“What drew you to write about the moors?” an interviewer asked me recently. We were discussing my latest book, The Coffin Path, a 17th century ghost story set in West Yorkshire and conversation had turned, inevitably, to that great mother ship of Yorkshire landscape novels, Wuthering Heights.

I’m the first to admit that The Coffin Path is my homage to Emily Brontë and the landscape that inspired her, but my answer to that question is more complicated. Until recently I held a common view: that the moors are natural, untamed places, untouched by human hand, an oasis of wildness in our cluttered, over-populated environment. The vast open skies and desolate wastes are romantic, even spiritual. As poet Ted Hughes put it:

Moors …

Are a stage for the performance of heaven.
Any audience is incidental.

But Hughes, a native of the Calder Valley, knew better than most that this romanticism is a relatively recent perception. The Coffin Path is set 100 years before Brontë’s masterpiece, when the moors were seen as dangerous, savage and deadly, the blanket bog a path straight down to Hell. The threat of the Devil and his minions was real. Belief in witchcraft was common. There were other dangers too: sprites, fairies and boggarts caused all manner of mischief and misdeeds, dragons slept beneath the hills, fiendish black dogs stalked the moors, and ghostly apparitions lured unsuspecting travellers to watery graves. The northern moors were busy with the supernatural.

So, what changed?

The Coffin Path, Katherine ClementsThe West Pennines as we experience them today, with our Gore-tex and Thermos flasks, are not the untouched landscapes we assume them to be: they are a product of centuries of human habitation and climate change, of political and economic forces, and of a collective shift in our attitudes toward the countryside.

These once forested highlands were cleared for agriculture and grazing in the Bronze Age, causing the formation of the blanket bog that now defines the moorland. After the Norman Conquest, huge swathes of uplands were privatised for the first time and, in the 16th century, landowners began enclosing their estates, giving us the dry stone walls that epitomise the area to this day. Under the Parliamentary Enclosures Acts of the 18th and 19th centuries, common land all but disappeared, forcing people off the land they relied on for food and fuel, into the valleys and townships created by the burgeoning industrial revolution. This land grab eventually transformed the moors from an inhabited, working space into a playground for the wealthy.

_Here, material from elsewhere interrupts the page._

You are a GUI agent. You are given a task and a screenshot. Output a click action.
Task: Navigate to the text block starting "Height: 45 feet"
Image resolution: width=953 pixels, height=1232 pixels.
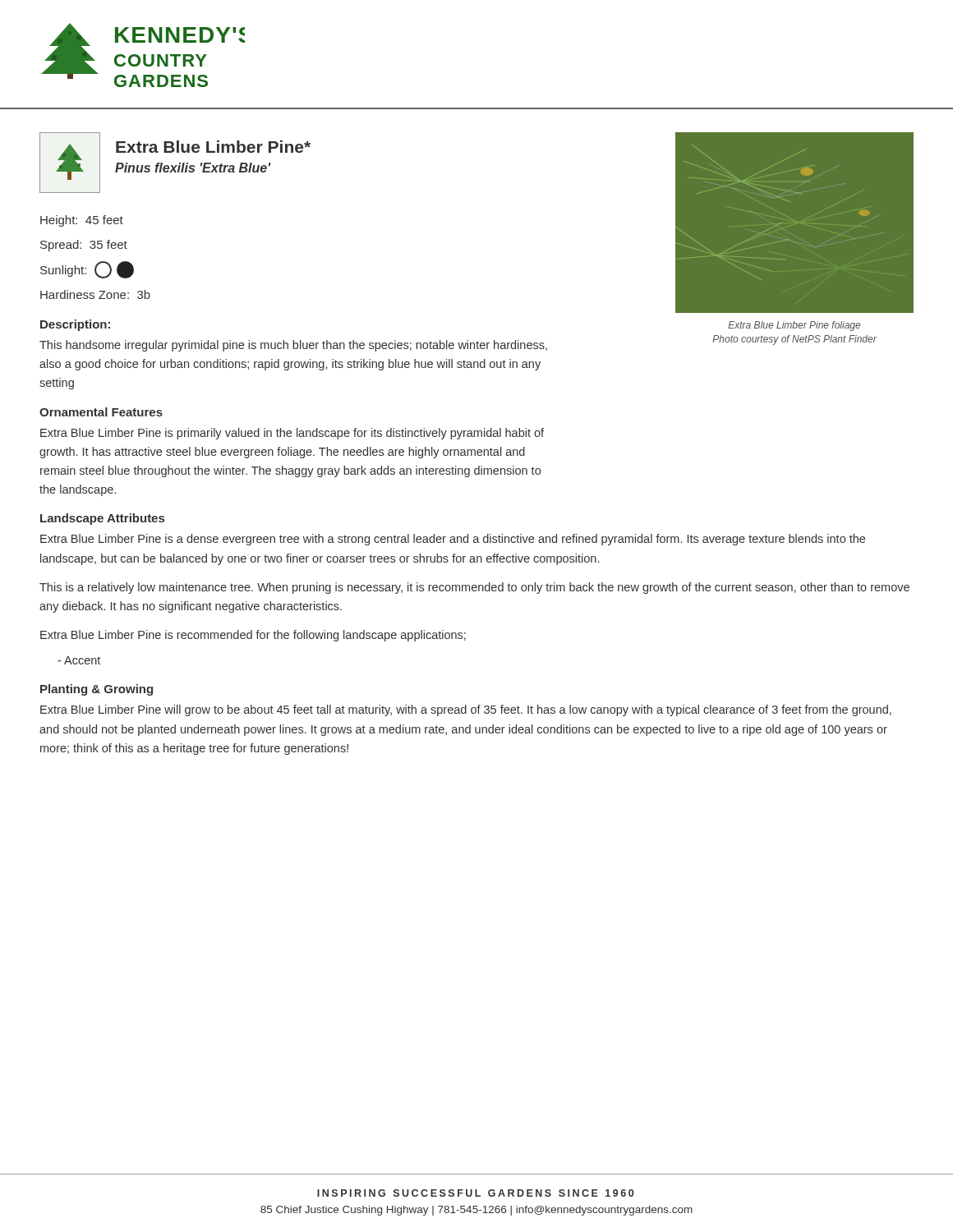pos(81,220)
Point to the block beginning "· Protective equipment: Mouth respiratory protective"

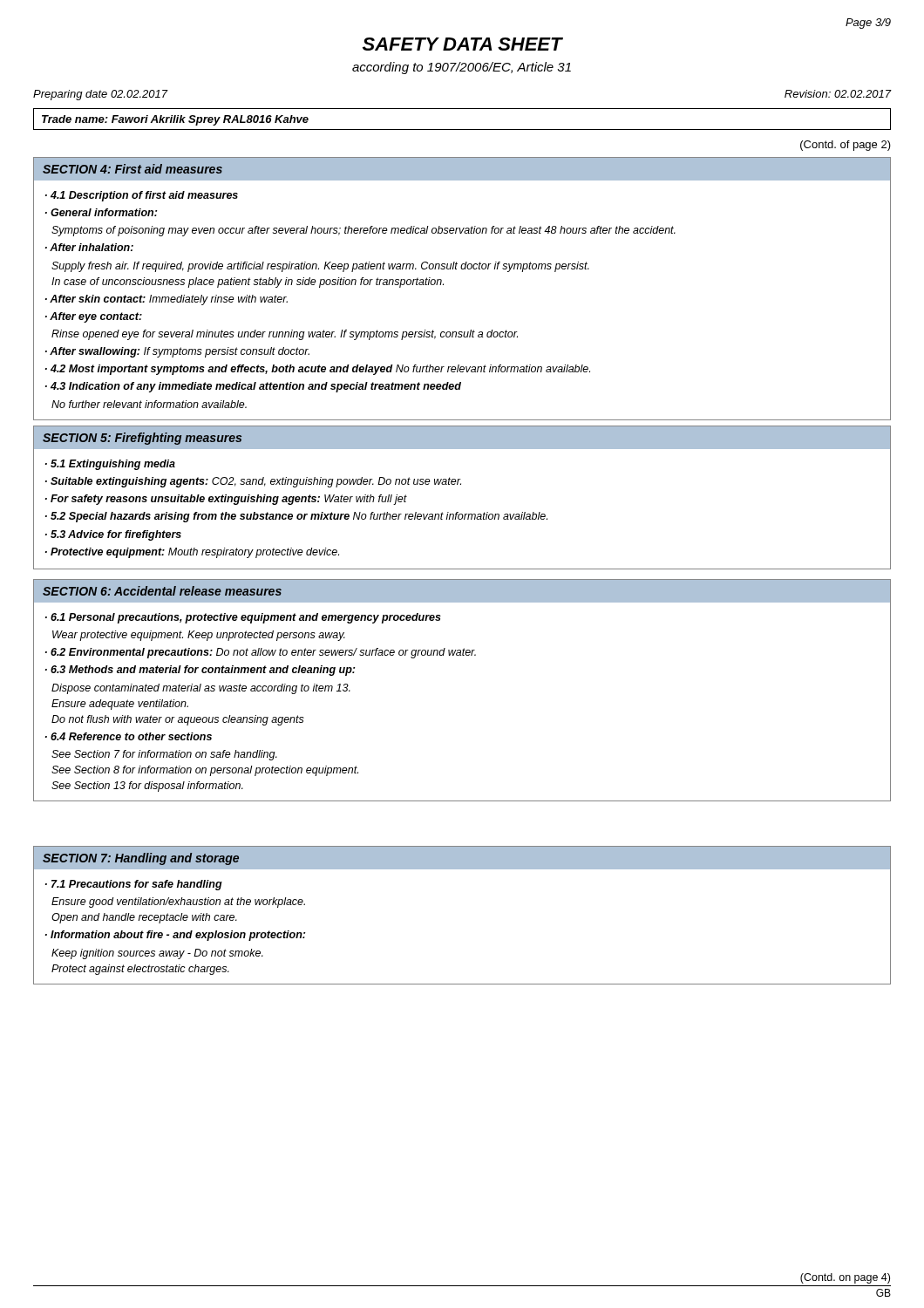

Red grouse shooting became an aspirational pastime, popularised by the aristocracy, with the moors carefully managed to increase the grouse population. Alongside this Victorian ‘sport’ was the booming tourism industry. The birth of the railways enabled travel like never before, and concepts of beauty and the sublime, championed by the literati, encouraged a new relationship with the countryside (think Wordsworth’s Lakes, Scott’s Border Country and the Romantic poets). The natural world became a place for the new middle classes to find peace, escape and relaxation. Into this new psychological landscape came the Brontës.

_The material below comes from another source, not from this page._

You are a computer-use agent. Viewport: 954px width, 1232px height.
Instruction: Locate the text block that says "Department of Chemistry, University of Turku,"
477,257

Emily Brontë had an intense, complicated relationship with these moors. The centrality of landscape in one of literature’s great love stories is just one of the reasons for our own romantic view, warped over time by rose-tinted onscreen iterations of her famous novel. But, as Wuthering Heights proves, Emily was well aware of the hardship and danger for those living and working in this unforgiving environment – she witnessed it first hand. Since the 19th century, the Brontë story has been used to sell a sanitised version of the area to the cream-tea-and-comfortable-shoe crowds that descend every summer; only those who look more closely will see its dark heart.

The West Yorkshire moors tell a story. From prehistoric settlements and ritual sites to medieval packhorse trails, dry-walled enclosures and grouse butts, it’s a landscape that carries the scars of centuries. Depending on which track you take, it’s still possible to find yourself completely alone, nothing but a vast sky, the call of curlew and the whistle of the ever-present wind to spark the romantic imagination. But, as environmental campaigners will tell you, it’s a precarious landscape, ever changing, still unpredictable. The story is not over yet.

By Katherine Clements 

 

Katherine Clements’ new novel, The Coffin Path, is a ghost story set on the dark wilds of the West Yorkshire moors and has been described as “a wonderful piece of Yorkshire Gothic…like something from Emily Brontë’s nightmares”.

Ted Hughes quoted from Remains of Elmet, 1979.